Dataset entries:
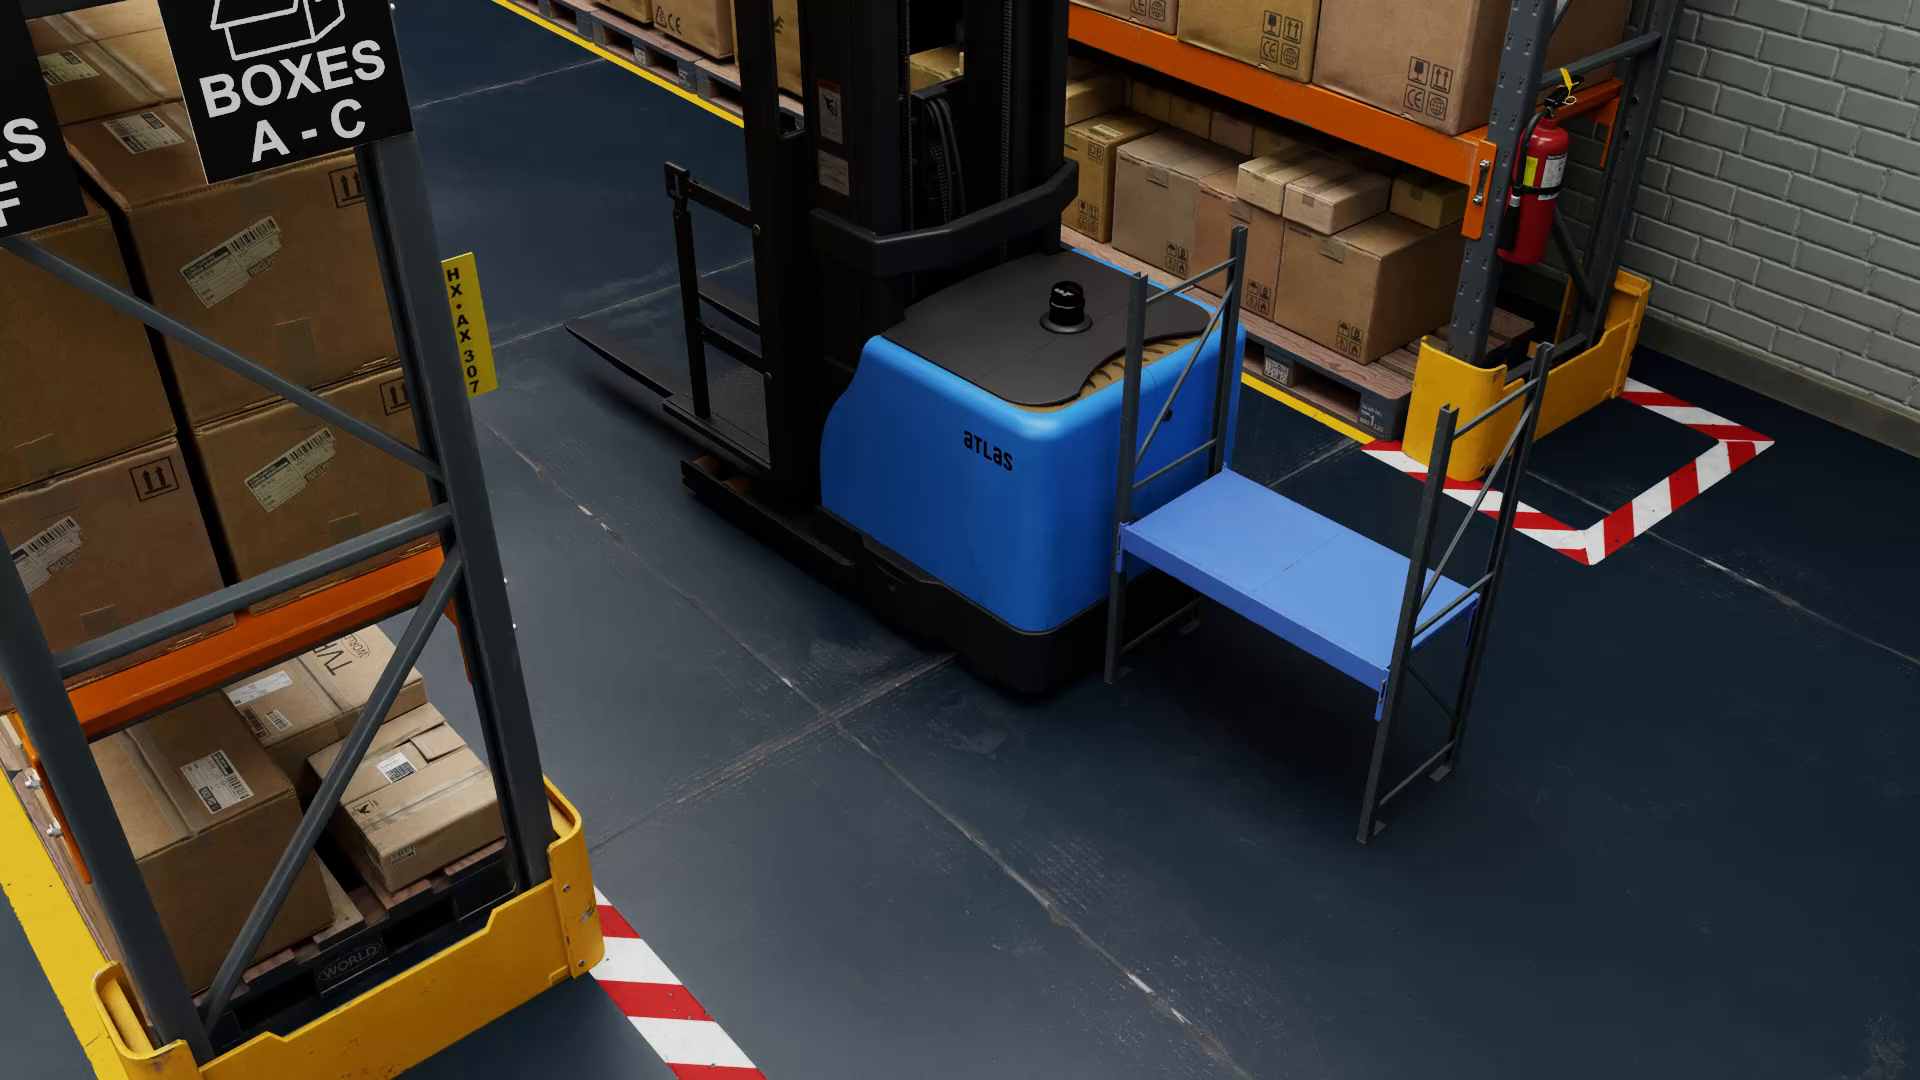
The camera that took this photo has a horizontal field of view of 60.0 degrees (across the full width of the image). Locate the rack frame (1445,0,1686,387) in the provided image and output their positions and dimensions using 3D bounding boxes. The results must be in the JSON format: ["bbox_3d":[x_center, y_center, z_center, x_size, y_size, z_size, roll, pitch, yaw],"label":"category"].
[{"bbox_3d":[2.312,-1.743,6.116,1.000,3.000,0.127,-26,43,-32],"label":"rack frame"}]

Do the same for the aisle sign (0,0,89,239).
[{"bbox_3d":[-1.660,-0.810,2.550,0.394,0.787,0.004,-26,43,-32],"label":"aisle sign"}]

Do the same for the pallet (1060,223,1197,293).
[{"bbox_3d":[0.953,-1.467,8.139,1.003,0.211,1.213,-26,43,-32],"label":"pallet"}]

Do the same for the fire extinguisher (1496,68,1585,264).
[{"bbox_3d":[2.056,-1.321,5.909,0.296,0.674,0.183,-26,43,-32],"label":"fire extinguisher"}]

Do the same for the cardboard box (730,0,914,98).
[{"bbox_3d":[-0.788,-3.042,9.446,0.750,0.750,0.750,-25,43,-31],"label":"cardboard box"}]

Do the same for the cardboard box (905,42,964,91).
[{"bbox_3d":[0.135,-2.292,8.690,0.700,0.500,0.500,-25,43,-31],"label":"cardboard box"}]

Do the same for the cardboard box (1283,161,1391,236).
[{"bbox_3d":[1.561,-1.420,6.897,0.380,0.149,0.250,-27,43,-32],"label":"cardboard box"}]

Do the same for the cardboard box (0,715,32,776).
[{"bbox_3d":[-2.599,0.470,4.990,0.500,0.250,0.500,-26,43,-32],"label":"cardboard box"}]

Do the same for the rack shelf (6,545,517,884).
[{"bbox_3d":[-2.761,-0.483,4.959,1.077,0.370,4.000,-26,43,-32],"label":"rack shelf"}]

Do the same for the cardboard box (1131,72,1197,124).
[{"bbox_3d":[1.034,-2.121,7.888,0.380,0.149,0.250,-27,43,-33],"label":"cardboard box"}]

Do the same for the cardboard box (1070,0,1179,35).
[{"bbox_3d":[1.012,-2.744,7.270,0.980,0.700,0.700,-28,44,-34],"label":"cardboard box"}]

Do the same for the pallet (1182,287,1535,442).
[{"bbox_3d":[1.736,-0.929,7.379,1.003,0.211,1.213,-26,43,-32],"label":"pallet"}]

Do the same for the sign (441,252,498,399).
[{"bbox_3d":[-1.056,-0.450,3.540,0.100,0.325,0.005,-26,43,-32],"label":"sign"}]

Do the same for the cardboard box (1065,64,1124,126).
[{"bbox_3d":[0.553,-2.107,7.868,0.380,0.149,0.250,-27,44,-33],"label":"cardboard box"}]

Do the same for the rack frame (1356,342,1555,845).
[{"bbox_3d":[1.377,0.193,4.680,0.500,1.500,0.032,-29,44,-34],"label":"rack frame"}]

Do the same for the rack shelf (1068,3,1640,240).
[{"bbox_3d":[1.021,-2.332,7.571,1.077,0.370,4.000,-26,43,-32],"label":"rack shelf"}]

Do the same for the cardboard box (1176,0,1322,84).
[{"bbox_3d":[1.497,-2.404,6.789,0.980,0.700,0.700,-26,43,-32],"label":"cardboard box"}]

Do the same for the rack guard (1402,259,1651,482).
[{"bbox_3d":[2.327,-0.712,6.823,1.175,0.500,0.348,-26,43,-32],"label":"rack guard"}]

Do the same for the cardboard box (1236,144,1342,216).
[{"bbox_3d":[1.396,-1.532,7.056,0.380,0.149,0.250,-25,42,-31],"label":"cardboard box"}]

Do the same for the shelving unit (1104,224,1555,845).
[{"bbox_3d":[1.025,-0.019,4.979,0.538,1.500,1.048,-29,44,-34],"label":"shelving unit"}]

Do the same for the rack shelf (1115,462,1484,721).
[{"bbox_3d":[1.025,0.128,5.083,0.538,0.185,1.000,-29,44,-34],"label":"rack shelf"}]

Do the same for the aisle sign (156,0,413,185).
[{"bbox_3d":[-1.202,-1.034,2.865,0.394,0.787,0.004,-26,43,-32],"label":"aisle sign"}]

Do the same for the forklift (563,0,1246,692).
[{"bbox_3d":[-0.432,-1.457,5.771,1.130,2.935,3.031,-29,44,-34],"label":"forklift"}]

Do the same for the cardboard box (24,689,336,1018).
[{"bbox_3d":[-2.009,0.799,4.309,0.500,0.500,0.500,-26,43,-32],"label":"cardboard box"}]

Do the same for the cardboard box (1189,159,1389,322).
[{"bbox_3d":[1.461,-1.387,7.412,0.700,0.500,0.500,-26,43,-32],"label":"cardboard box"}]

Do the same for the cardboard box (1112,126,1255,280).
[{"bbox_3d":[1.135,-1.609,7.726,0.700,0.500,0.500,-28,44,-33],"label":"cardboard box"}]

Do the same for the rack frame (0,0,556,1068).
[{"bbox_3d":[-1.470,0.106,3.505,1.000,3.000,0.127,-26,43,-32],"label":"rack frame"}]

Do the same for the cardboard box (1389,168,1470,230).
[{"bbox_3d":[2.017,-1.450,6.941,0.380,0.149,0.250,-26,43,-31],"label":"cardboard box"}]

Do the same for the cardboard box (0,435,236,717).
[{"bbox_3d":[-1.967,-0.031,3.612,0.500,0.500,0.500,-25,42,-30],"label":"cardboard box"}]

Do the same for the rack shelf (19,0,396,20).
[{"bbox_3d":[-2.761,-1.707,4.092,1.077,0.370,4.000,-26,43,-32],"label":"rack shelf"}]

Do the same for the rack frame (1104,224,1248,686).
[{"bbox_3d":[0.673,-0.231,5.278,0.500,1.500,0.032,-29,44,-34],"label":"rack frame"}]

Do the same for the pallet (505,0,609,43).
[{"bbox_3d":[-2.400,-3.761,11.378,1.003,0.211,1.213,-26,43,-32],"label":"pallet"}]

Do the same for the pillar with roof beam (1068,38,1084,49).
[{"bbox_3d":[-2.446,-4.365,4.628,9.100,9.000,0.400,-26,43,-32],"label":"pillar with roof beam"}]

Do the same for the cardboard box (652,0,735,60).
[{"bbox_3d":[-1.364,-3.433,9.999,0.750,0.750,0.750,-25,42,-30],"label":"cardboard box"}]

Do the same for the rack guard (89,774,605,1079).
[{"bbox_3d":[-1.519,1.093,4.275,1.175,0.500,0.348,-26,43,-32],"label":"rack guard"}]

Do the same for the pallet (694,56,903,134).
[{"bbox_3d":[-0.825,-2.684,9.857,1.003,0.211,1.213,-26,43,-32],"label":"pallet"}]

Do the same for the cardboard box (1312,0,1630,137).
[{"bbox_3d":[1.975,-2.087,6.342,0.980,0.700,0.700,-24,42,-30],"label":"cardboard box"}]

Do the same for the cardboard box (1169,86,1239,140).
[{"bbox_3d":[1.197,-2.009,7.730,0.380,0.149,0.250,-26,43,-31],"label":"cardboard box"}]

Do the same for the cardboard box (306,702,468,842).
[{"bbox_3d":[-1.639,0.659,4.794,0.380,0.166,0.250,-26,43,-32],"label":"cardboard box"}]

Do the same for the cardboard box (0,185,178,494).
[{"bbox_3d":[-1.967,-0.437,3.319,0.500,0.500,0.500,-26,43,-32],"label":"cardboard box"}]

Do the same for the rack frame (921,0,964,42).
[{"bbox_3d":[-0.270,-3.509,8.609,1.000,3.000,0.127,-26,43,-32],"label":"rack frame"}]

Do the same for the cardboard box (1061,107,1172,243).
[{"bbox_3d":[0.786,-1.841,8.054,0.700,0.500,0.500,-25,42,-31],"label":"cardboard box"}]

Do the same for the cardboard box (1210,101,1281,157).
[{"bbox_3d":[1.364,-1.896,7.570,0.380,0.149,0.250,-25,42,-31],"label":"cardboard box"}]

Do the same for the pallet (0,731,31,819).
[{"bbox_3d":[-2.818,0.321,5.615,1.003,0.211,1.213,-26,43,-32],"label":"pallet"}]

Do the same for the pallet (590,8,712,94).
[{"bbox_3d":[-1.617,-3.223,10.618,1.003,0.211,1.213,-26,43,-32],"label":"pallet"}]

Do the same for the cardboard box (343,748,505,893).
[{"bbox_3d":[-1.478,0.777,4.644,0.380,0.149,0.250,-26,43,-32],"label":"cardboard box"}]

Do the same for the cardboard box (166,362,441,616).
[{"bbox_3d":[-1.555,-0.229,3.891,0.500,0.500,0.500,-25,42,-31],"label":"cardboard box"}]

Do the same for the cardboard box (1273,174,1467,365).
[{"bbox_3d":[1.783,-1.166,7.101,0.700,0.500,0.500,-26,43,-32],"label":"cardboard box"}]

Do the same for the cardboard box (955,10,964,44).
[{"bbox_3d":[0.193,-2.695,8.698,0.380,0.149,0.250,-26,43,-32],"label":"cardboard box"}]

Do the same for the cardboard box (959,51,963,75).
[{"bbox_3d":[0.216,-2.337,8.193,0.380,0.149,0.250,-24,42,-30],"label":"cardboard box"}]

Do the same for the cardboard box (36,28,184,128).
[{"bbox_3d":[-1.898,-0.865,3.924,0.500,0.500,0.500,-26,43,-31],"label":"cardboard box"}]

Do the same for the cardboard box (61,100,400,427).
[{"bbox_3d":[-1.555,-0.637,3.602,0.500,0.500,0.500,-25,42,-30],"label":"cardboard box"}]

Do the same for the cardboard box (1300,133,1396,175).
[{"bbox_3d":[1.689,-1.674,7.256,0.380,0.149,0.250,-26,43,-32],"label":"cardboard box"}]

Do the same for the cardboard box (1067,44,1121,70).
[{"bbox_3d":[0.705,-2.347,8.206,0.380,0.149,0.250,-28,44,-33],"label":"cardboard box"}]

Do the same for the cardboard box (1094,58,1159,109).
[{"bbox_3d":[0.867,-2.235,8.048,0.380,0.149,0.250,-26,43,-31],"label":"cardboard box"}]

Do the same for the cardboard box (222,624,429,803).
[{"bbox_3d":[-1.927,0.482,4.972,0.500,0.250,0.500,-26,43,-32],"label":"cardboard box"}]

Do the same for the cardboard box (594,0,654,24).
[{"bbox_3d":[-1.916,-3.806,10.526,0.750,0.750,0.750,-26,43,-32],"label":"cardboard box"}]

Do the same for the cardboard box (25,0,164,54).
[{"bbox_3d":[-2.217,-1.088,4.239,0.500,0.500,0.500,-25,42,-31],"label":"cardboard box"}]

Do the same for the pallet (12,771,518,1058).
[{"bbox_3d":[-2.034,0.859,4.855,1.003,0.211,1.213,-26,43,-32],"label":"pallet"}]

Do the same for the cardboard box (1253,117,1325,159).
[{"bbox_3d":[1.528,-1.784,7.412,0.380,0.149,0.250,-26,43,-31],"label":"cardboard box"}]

WORK TASK — Could you print, exactly and with nothing else, the lines from the one containing "Do the same for the cardboard box (222,624,429,803)." through the last line of the records above?

RESULT OF THIS TASK —
Do the same for the cardboard box (222,624,429,803).
[{"bbox_3d":[-1.927,0.482,4.972,0.500,0.250,0.500,-26,43,-32],"label":"cardboard box"}]

Do the same for the cardboard box (594,0,654,24).
[{"bbox_3d":[-1.916,-3.806,10.526,0.750,0.750,0.750,-26,43,-32],"label":"cardboard box"}]

Do the same for the cardboard box (25,0,164,54).
[{"bbox_3d":[-2.217,-1.088,4.239,0.500,0.500,0.500,-25,42,-31],"label":"cardboard box"}]

Do the same for the pallet (12,771,518,1058).
[{"bbox_3d":[-2.034,0.859,4.855,1.003,0.211,1.213,-26,43,-32],"label":"pallet"}]

Do the same for the cardboard box (1253,117,1325,159).
[{"bbox_3d":[1.528,-1.784,7.412,0.380,0.149,0.250,-26,43,-31],"label":"cardboard box"}]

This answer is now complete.